PCAmethods <- pca(Cereals[,-c(1:3,16)],scale = "uv", center = T, nPcs = 2, method = "svd")
slplot(PCAmethods, scoresLoadings = c(T,T), scol = factor(Cereals2$rating2))
Note that the red circles are ratings above 50. As we can see from the graph it seems that calories account for a lot of the variance for a lower rating. While a higher fiber tends to be a higher rating (for explaining the variability)
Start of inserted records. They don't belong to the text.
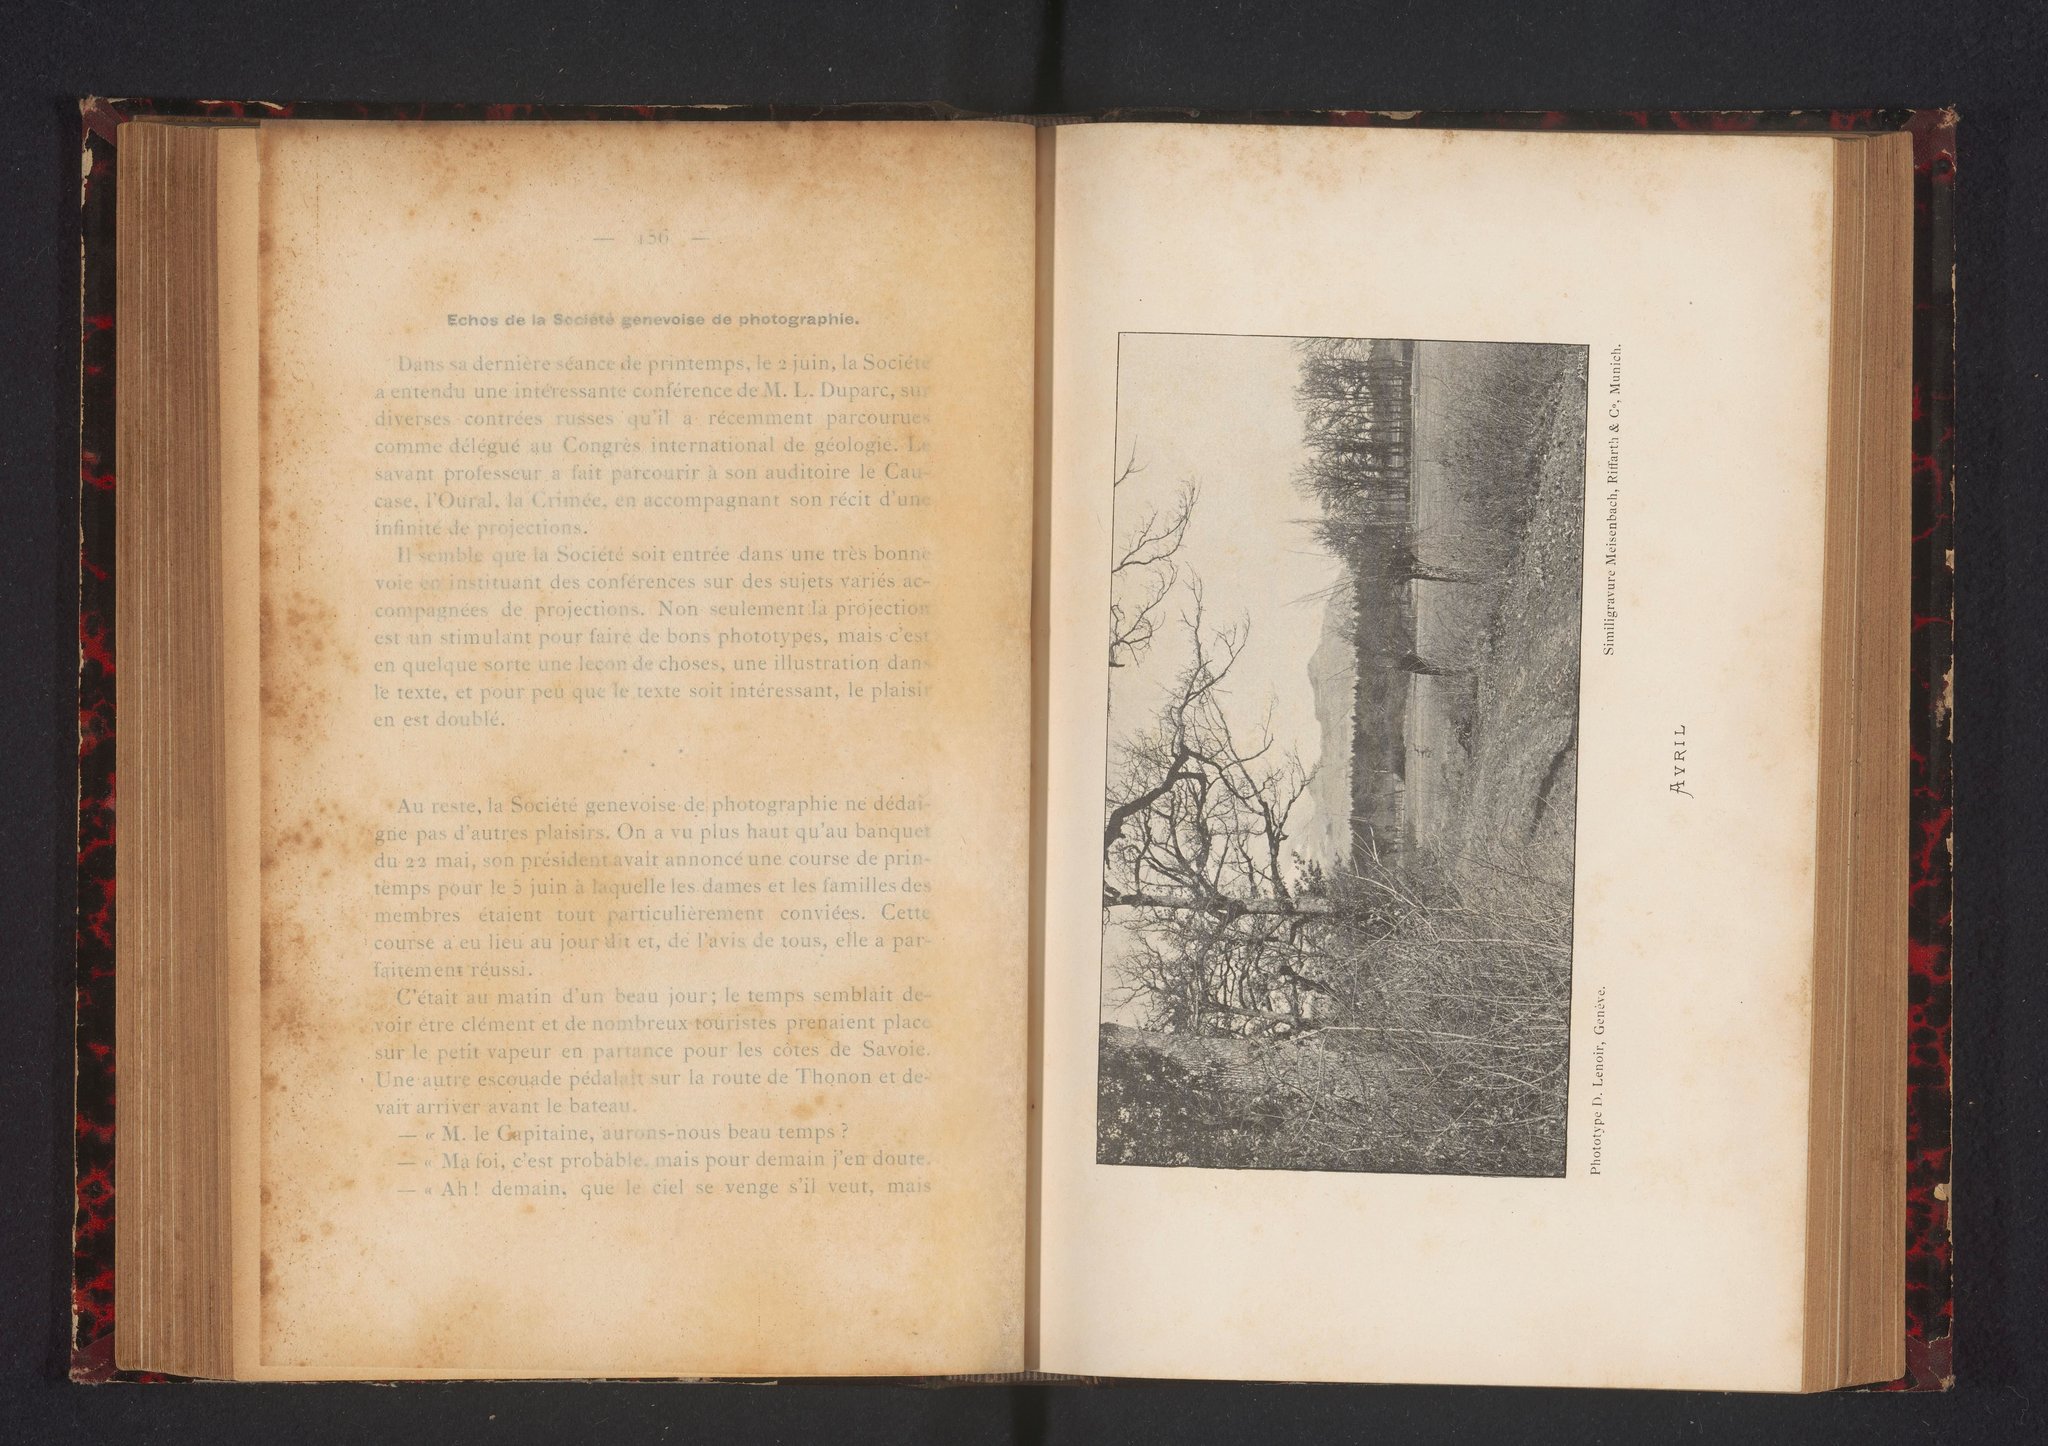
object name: page
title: Landschap, vermoedelijk in Zwitserland
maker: d. lenoir
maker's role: fotograaf
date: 1893-1898
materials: paper
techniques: autotype
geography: munich
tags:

#fit lm using the first 3 PCis
CerealsRat <- Cereals %>%
select("rating")
modCereals <- lm(unlist(CerealsRat) ~ PCA$x[,1:3])
summary(modCereals)
##
## Call:
## lm(formula = unlist(CerealsRat) ~ PCA$x[, 1:3])
##
## Residuals:
## Min 1Q Median 3Q Max
## -17.0281 -7.3987 0.1549 6.3447 20.4457
##
## Coefficients:
## Estimate Std. Error t value Pr(>|t|)
## (Intercept) 42.37179 1.07929 39.259 < 2e-16 ***
## PCA$x[, 1:3]PC1 -0.07530 0.01297 -5.804 1.73e-07 ***
## PCA$x[, 1:3]PC2 -0.07174 0.01532 -4.682 1.35e-05 ***
## PCA$x[, 1:3]PC3 0.30795 0.04799 6.417 1.42e-08 ***
## ---
## Signif. codes: 0 '***' 0.001 '**' 0.01 '*' 0.05 '.' 0.1 ' ' 1
##
## Residual standard error: 9.284 on 70 degrees of freedom
## Multiple R-squared: 0.5803, Adjusted R-squared: 0.5623
## F-statistic: 32.26 on 3 and 70 DF, p-value: 3.298e-13
Using the first 3 PCis to make a model for predicting ratings. We find that it explains roughly 0.5623 if the variation in our model which is pretty good since we are only using 3 variables out of 16.(12 numerical predictors)
CerealsFull <- lm(rating ~ .,data = Cereals[,-c(1:3)])
summary(CerealsFull)
##
## Call:
## lm(formula = rating ~ ., data = Cereals[, -c(1:3)])
##
## Residuals:
## Min 1Q Median 3Q Max
## -5.352e-07 -2.482e-07 4.551e-08 2.376e-07 5.430e-07
##
## Coefficients:
## Estimate Std. Error t value Pr(>|t|)
## (Intercept) 5.493e+01 3.848e-07 1.428e+08 <2e-16 ***
## calories -2.227e-01 7.958e-09 -2.799e+07 <2e-16 ***
## protein 3.273e+00 5.724e-08 5.718e+07 <2e-16 ***
## fat -1.691e+00 8.279e-08 -2.043e+07 <2e-16 ***
## sodium -5.449e-02 5.101e-10 -1.068e+08 <2e-16 ***
## fiber 3.443e+00 4.906e-08 7.019e+07 <2e-16 ***
## carbo 1.092e+00 3.752e-08 2.912e+07 <2e-16 ***
## sugars -7.249e-01 3.550e-08 -2.042e+07 <2e-16 ***
## potass -3.399e-02 1.729e-09 -1.966e+07 <2e-16 ***
## vitamins -5.121e-02 2.026e-09 -2.528e+07 <2e-16 ***
## shelf -2.733e-08 5.587e-08 -4.890e-01 0.627
## weight -5.057e-07 5.731e-07 -8.820e-01 0.381
## cups 1.130e-07 1.998e-07 5.650e-01 0.574
## ---
## Signif. codes: 0 '***' 0.001 '**' 0.01 '*' 0.05 '.' 0.1 ' ' 1
##
## Residual standard error: 3.099e-07 on 61 degrees of freedom
## Multiple R-squared: 1, Adjusted R-squared: 1
## F-statistic: 1.248e+16 on 12 and 61 DF, p-value: < 2.2e-16
This is the full model with 12 predictors and 1 response variable (ratings). This model explains nearly all of the variability though it does have alot of demensions.
# Compare PCA vs. FullModel plots
par(mfrow = c(1,2))
plot(Cereals$rating, predict(modCereals), xlab = "Observed rating", ylab = "Predicted rating", main = "PCA", abline(a = 0, b = 1, col = "red"))
plot(Cereals$rating, predict(CerealsFull), xlab = "Observed rating", ylab = "Predicted rating", main = "Full model", abline(a = 0, b = 1, col = "red"))
Side-by-side comparison of the two different models. The PCA one is less perfect at predicting but it is pretty good since we only used 25% of the explanatory variables available.